Composite end-points of disease progression, such as time to clinical worsening (TTCW), have been employed as a secondary or an exploratory end-point in many PAH trials to assess the effects of drugs on disease progression. The definitions of TTCW have included death, and the morbidity events of hospitalisation and PAH worsening. However, definitions of TTCW have not been uniform across studies (table 2), making meaningful comparisons across trials difficult. As death and hospitalisation are rarely the first event, PAH worsening tends to drive the TTCW effect. As such, this end-point should be clearly defined and robustly assessed. However, historically, PAH worsening has rarely been independently adjudicated, which introduces the potential for bias and for inconsistency between different sites and investigators. For example, among the pivotal trials leading to the submission of therapies for approval to the US Food and Drug Administration or European Medicines Agency, only the ARIES study with ambrisentan and IMPRES (Imatinib in Pulmonary arterial hypertension, a Randomized Efficacy Study) had adjudication committees that determined some, although not all, components of TTCW [23, 35]. Even more robust components, such as hospitalisation for PAH, should be independently adjudicated to ensure that hospitalisation events are non-elective and not influenced by non-clinical considerations, such as distance required to travel and availability of hospital beds. It is critical to distinguish between short “ward stays” and genuine hospitalisation and hospitalisation “for PAH” not “with PAH” to limit potential bias. It should be noted that imatinib is not presently approved as a therapy for PAH. Further concerns surrounding TTCW include the short-term fixed duration of the trial, insufficient population sample size, and statistical powering to examine treatment effects, as it has never been used as the primary end-point. This means the results have been based on a limited number of events (table 2) and so robustness is compromised. Given these limitations, the extrapolation of TTCW data obtained from short-term trials into meaningful outcomes in the long-term should be done with caution. Therefore, although it offers potential advantages over an indirect symptomatic measurement such as changes in 6MWD, TTCW, as used to date, has a number of limitations.
Morbidity and mortality in composite end-points in PAH trials
To further advance the field of PAH and optimise treatment for patients, there is a need to evaluate the efficacy of drugs and treatment strategies on long-term morbidity and mortality outcomes in order to truly determine their effect on prognosis.

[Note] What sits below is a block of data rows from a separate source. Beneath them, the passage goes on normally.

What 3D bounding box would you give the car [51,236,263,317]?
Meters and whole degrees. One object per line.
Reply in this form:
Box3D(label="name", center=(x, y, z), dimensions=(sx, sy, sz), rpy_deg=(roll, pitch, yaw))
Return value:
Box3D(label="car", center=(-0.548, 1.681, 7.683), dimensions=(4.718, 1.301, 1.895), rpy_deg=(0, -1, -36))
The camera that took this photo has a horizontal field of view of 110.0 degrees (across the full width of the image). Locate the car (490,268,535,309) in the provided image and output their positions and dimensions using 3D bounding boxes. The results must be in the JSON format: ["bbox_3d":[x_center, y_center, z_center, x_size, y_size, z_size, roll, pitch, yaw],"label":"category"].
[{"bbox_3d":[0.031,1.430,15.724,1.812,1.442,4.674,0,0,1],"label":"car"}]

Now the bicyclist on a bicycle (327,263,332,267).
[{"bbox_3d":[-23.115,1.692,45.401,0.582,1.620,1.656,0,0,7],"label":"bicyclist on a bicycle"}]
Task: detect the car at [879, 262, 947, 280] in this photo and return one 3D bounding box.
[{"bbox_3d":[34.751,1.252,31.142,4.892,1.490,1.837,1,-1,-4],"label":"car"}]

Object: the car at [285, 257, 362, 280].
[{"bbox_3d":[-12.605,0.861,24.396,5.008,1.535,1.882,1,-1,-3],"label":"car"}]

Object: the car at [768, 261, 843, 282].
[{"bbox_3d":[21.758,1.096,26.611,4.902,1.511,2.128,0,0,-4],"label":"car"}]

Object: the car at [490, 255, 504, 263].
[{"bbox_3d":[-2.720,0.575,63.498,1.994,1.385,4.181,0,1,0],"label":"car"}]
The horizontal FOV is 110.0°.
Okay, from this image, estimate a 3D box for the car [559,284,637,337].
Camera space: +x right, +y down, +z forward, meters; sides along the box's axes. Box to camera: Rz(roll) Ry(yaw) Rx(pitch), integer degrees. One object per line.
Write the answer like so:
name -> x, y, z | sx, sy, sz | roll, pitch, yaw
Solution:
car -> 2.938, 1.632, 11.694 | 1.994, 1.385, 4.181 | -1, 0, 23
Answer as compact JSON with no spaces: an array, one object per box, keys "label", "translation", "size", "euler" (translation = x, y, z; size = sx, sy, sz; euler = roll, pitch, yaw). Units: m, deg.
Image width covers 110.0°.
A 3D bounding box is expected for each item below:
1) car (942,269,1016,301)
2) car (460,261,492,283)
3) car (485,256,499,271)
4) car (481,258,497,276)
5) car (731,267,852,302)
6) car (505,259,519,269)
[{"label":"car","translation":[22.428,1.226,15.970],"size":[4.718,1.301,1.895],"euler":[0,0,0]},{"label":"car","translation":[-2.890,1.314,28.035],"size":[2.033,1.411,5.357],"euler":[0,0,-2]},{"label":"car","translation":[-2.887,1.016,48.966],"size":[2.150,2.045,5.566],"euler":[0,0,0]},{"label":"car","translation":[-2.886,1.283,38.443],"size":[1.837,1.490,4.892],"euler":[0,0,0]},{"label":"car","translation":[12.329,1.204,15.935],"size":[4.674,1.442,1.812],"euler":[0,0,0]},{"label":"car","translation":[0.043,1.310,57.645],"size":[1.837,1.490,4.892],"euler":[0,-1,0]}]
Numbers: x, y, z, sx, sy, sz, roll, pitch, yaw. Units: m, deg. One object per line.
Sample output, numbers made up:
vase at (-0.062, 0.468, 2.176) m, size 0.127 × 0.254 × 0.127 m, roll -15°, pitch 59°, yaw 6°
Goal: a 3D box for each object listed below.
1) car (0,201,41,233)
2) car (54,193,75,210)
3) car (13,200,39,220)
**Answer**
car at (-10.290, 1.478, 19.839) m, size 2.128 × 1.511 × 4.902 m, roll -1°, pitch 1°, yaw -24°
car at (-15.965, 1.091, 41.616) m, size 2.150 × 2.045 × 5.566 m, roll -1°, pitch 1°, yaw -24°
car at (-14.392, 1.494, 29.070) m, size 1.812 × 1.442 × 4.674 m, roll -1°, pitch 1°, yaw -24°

As death is a relatively rare event, to conduct a mortality study in PAH with enough statistical power to detect a treatment effect, a large number of patients would be required [41]. Given the rare nature of PAH, to coordinate and run a trial with a large patient population requires considerable organisation. In addition, it is generally perceived that at present when multiple therapies are available, conducting a survival trial would be unethical. Increasing the event rate by including clinically relevant morbidity events in the primary end-point (which for PAH may include lung transplantation, atrial septostomy, the requirement for intravenous drugs and PAH worsening) alongside mortality reduces the number of patients required and renders a trial more logistically practicable.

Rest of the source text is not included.